HPC and Encryption Benchmarks

Just a few days prior to today's launch, we were able to get access to the benchmark numbers that Intel and AMD produced for LSDyna’s (Crash simulation) and Fluent (fluid dynamics) from Ansys. The first benchmark is the Ansys Fluent Truck_14 m benchmark.  

Ansys Fluent Truck_14m

The next one is LS Dyna “Neon refined revised”.

LS Dyna Neon refined revised

In both cases, the four memory channels and 12 core mix per CPU seem to pay off: AMD can beat Intel again in the HPC benchmarks, although the advantage is small.

Next we ran Sisoft Sandra 2010's encryption benchmark. Do remember that this is a completely synthetic benchmark. A 100% encryption performance advantage might translate in a very small performance advantage in a real world application. For example the code run on a website might only include a small part of encryption code.
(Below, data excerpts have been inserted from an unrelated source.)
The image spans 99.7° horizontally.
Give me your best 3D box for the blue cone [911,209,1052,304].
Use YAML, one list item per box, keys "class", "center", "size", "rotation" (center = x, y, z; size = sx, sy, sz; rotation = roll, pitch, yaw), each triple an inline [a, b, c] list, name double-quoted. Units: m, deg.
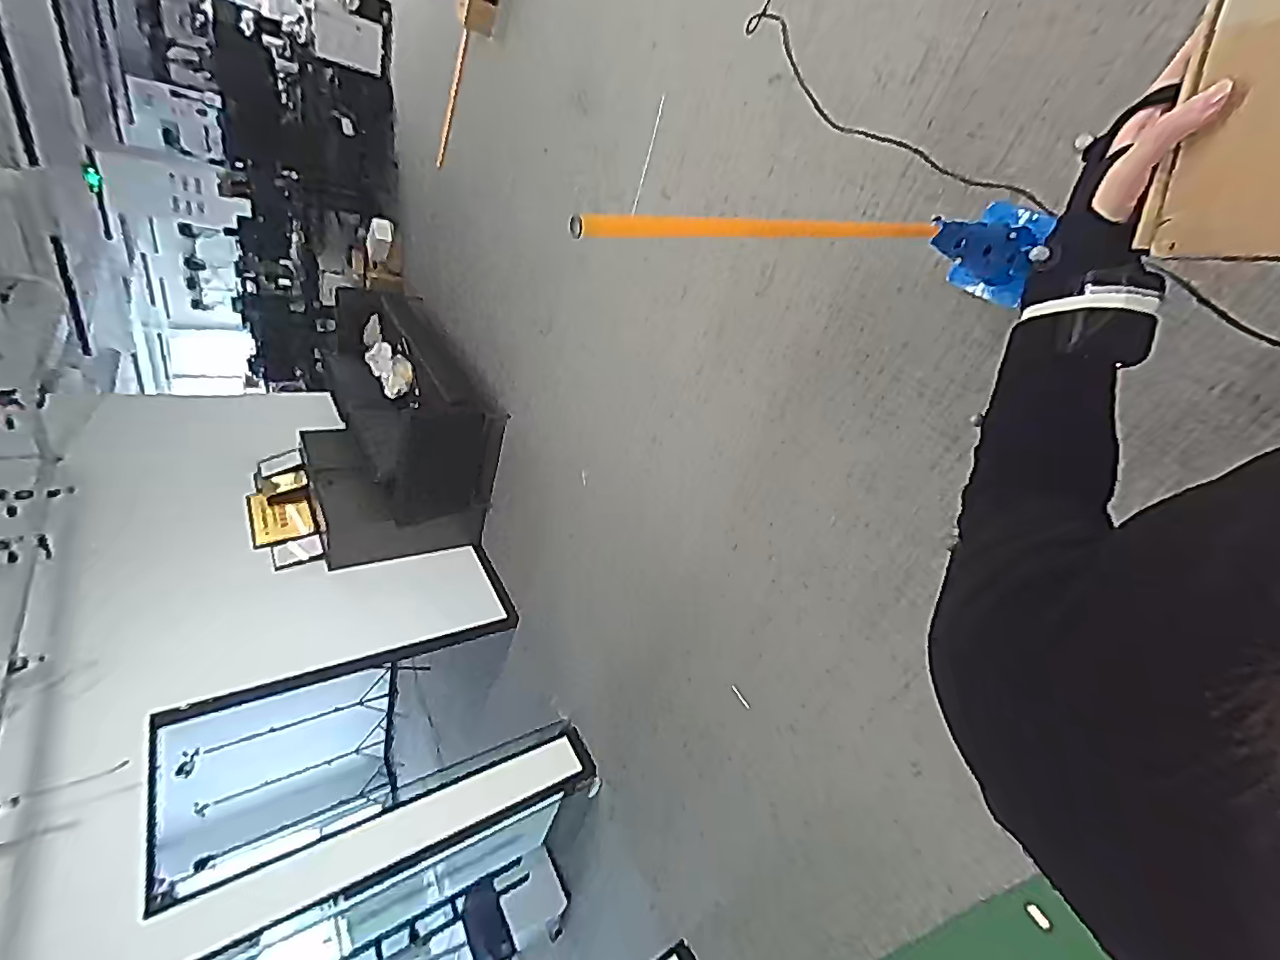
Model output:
- class: "blue cone"
  center: [0.724, -0.515, 1.201]
  size: [0.192, 0.380, 0.193]
  rotation: [46, 132, 38]
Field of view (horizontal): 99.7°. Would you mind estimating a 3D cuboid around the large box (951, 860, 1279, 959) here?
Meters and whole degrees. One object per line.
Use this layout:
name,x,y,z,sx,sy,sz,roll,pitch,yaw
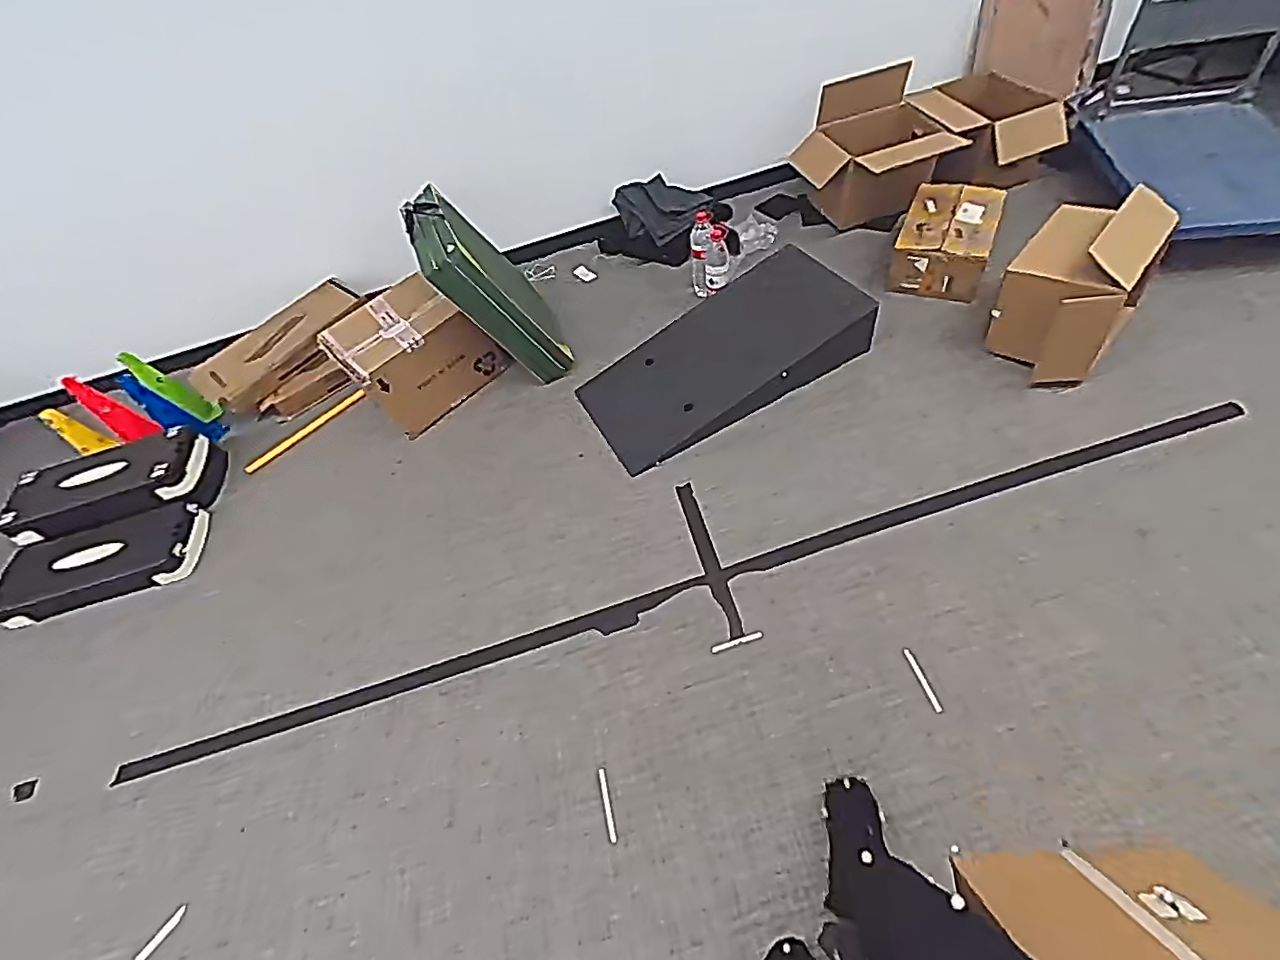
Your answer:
large box,0.605,0.681,0.573,0.320,0.408,0.320,-6,79,7
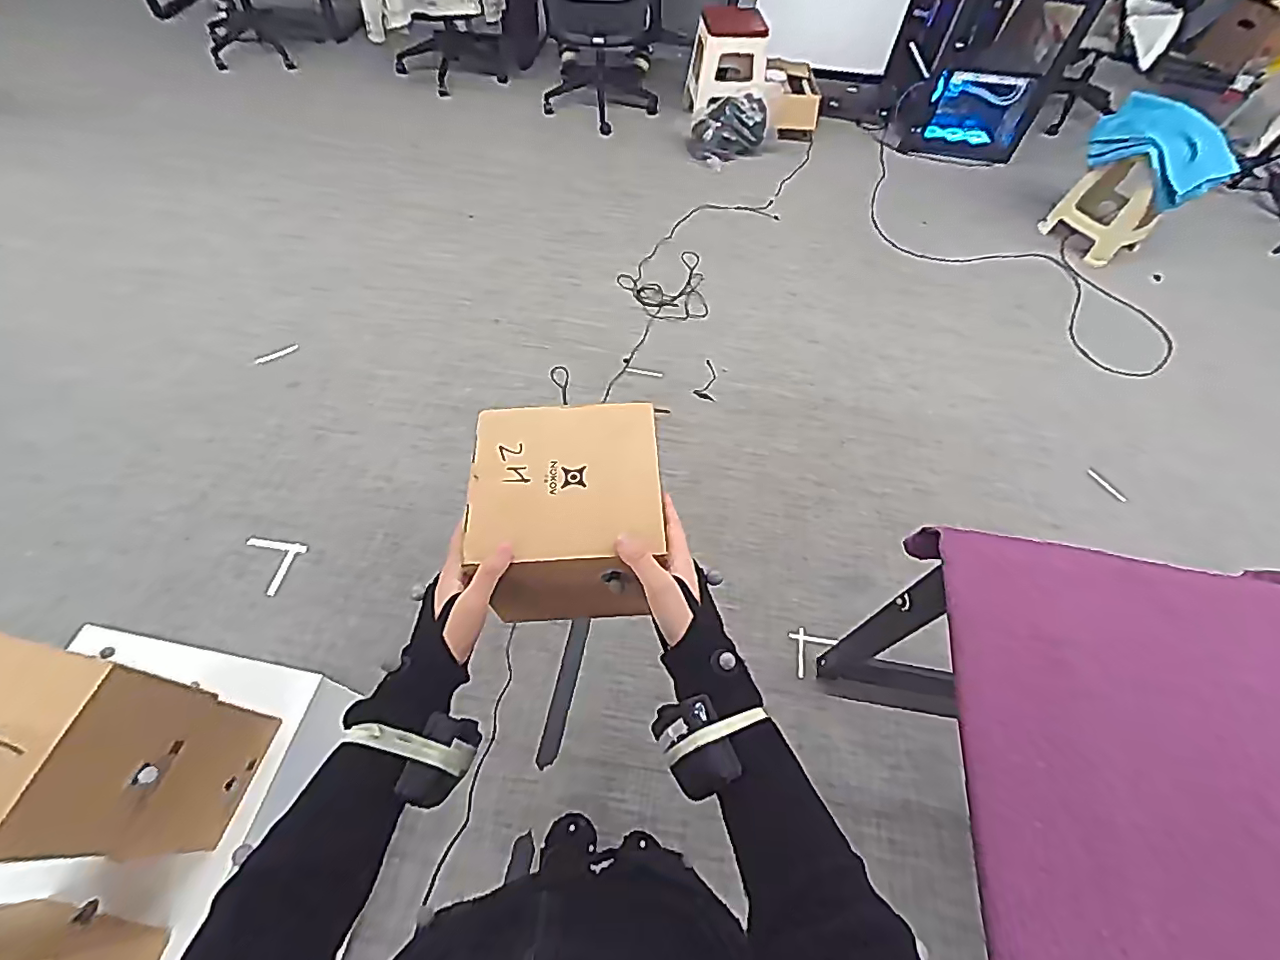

Sisoft Sandra Encryption benchmark: AES

Sisoft Sandra Encryption benchmark: SHA

Once the Xeon X5670's AES instructions can do their work, encryption is lightening fast. Here the new Xeon is 19 times faster than its older brother and 9 times faster than the best Opteron. Encryption can be broken up easily in smaller parts, it scales extremely well. The result is that the CPU with the most threads, the Xeon 5670 and Opteron 6174 easily outperform their older brothers in cryptographic hash functions.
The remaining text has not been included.